June 29, 2016
NATO Summit Special Series: Georgia
By Laura Linderman
As far as NATO technical requirements, Georgia, has been an A student, creating a capable military, solidifying democratic reforms, and participating in a variety of security initiatives, such as Partnership for Peace (PfP) training and exercises related to the substantial package Georgia received at the 2014 Wales summit. The government spends more than 2% of its GDP on the military, a benchmark that only 5 NATO member states meet. The country also willingly participates in several trans-Atlantic security missions, being second only to the United States for troop contribution to the Afghanistan mission and also supports counter-terrorism operations in the Mediterranean. Georgian political support for NATO membership is higher than any other candidate for accession.

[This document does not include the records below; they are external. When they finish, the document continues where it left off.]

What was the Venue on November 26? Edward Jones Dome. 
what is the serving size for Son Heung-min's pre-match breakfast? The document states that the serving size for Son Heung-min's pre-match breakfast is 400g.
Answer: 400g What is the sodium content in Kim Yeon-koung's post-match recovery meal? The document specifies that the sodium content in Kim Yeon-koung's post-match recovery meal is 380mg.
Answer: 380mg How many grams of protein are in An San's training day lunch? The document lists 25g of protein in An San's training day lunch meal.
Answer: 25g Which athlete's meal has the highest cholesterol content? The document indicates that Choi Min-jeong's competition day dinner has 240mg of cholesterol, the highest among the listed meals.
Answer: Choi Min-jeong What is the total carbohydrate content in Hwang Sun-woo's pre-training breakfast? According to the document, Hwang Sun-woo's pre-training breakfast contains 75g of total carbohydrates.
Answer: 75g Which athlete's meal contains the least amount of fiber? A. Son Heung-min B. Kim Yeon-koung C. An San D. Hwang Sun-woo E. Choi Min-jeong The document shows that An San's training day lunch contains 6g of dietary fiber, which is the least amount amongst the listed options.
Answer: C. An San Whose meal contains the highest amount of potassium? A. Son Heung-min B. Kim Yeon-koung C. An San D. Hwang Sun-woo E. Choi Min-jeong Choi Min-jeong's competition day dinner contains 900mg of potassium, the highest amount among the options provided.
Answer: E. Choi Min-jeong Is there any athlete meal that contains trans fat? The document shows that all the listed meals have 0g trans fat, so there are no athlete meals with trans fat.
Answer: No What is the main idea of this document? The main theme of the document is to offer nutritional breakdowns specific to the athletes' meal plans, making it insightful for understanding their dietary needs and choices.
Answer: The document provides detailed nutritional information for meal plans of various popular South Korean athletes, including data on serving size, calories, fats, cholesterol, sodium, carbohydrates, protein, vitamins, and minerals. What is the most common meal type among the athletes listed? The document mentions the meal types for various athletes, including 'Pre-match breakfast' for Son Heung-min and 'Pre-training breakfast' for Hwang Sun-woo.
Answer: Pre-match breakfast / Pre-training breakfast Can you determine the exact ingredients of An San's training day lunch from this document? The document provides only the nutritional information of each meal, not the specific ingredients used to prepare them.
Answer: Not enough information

So why isn’t the only democratic success story in the Caucasus closer to joining NATO? There are two substantive reasons: its location and its frozen conflicts. A quarter of its territory is occupied by Russia, and the US and Europe are afraid of provoking a revanchist Russia by extending NATO borders. The US Ambassador to NATO Douglas Lute recently said that Russia and the “strategic environment” it created has “put a brake on NATO expansion” for the foreseeable future. Georgian Defense Minister Tinatin Khidasheli wants the country to be judged at the Warsaw “on its own merits" – no Russian approval needed.

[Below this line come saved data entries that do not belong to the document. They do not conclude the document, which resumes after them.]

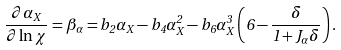Convert formula to latex. <formula><loc_0><loc_0><loc_500><loc_500>\frac { \partial \alpha _ { X } } { \partial \ln \chi } = \beta _ { \alpha } = b _ { 2 } \alpha _ { X } - b _ { 4 } \alpha ^ { 2 } _ { X } - b _ { 6 } \alpha ^ { 3 } _ { X } \left ( 6 - \frac { \delta } { 1 + J _ { \alpha } \delta } \right ) .</formula> 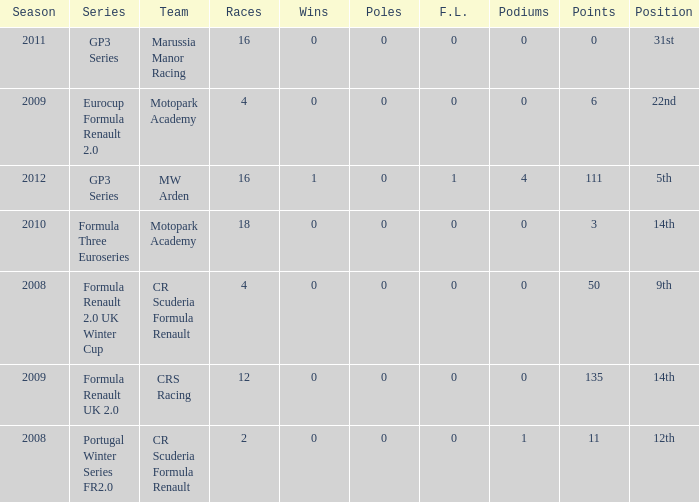How many points does Marussia Manor Racing have? 1.0. 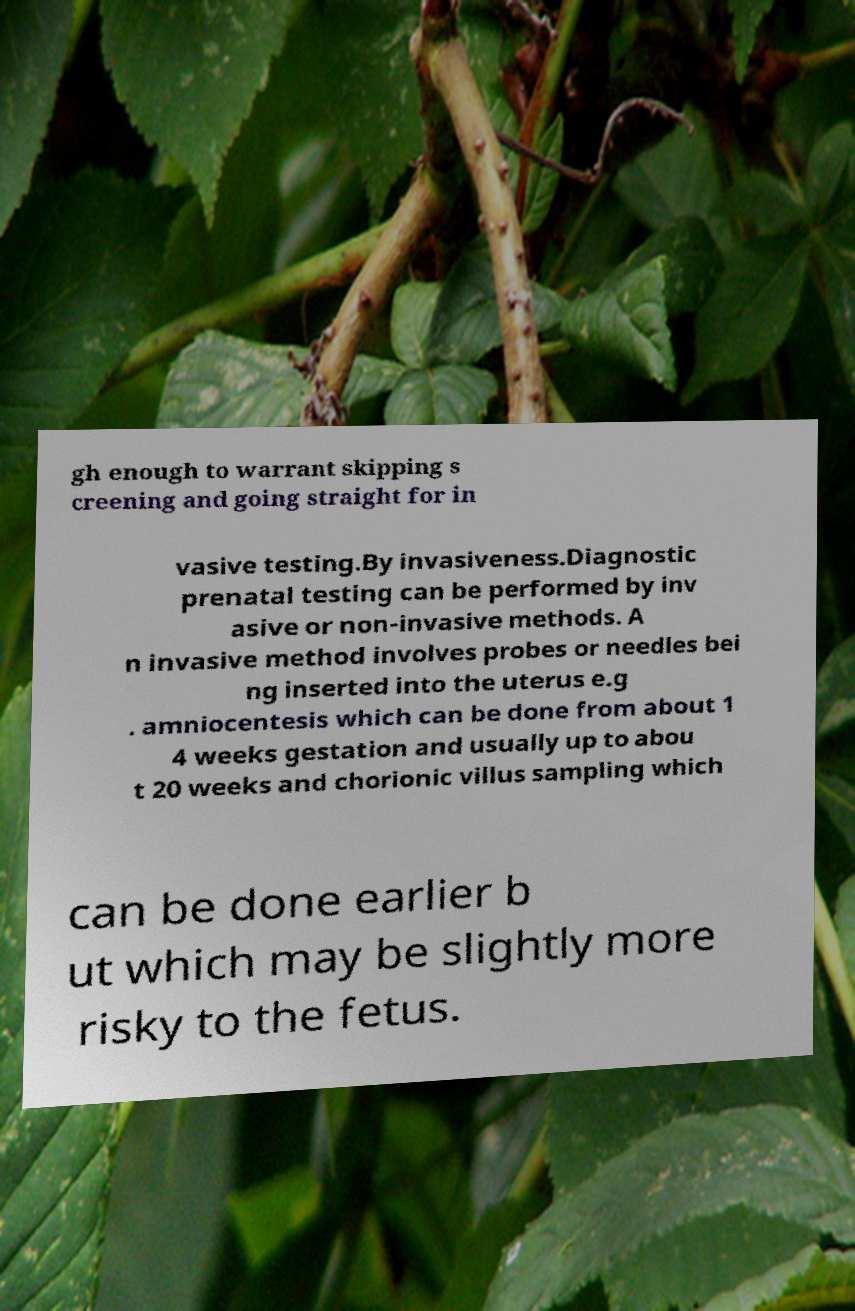Can you read and provide the text displayed in the image?This photo seems to have some interesting text. Can you extract and type it out for me? gh enough to warrant skipping s creening and going straight for in vasive testing.By invasiveness.Diagnostic prenatal testing can be performed by inv asive or non-invasive methods. A n invasive method involves probes or needles bei ng inserted into the uterus e.g . amniocentesis which can be done from about 1 4 weeks gestation and usually up to abou t 20 weeks and chorionic villus sampling which can be done earlier b ut which may be slightly more risky to the fetus.

However, the Georgian government is under no illusions about Russia or where the allies stand. Tbilisi sees the militant Kremlin as a genuine threat and notes the weak western response to its expansionist tendencies. Aggressive actions from Russia include regular detentions along the Administrative Boundary Line (ABL) with Abkhazia and South Ossetia, gradual expansion of the Russian border infrastructure (creeping annexation), and political disenfranchisement of ethnic Georgian voters in Abkhazia. Folks on the border of the ABL continue to live in a precarious and unpredictable security environment. As one foreign ambassador in Tbilisi described the situation, now the Kremlin’s eye is fixed on eastern Ukraine, but it might turn to the south next. Only seventy-five kilometers of Tbilisi-controlled Georgian territory separates Russian border guards in South Ossetia from the Russian base in Gyumri, Armenia.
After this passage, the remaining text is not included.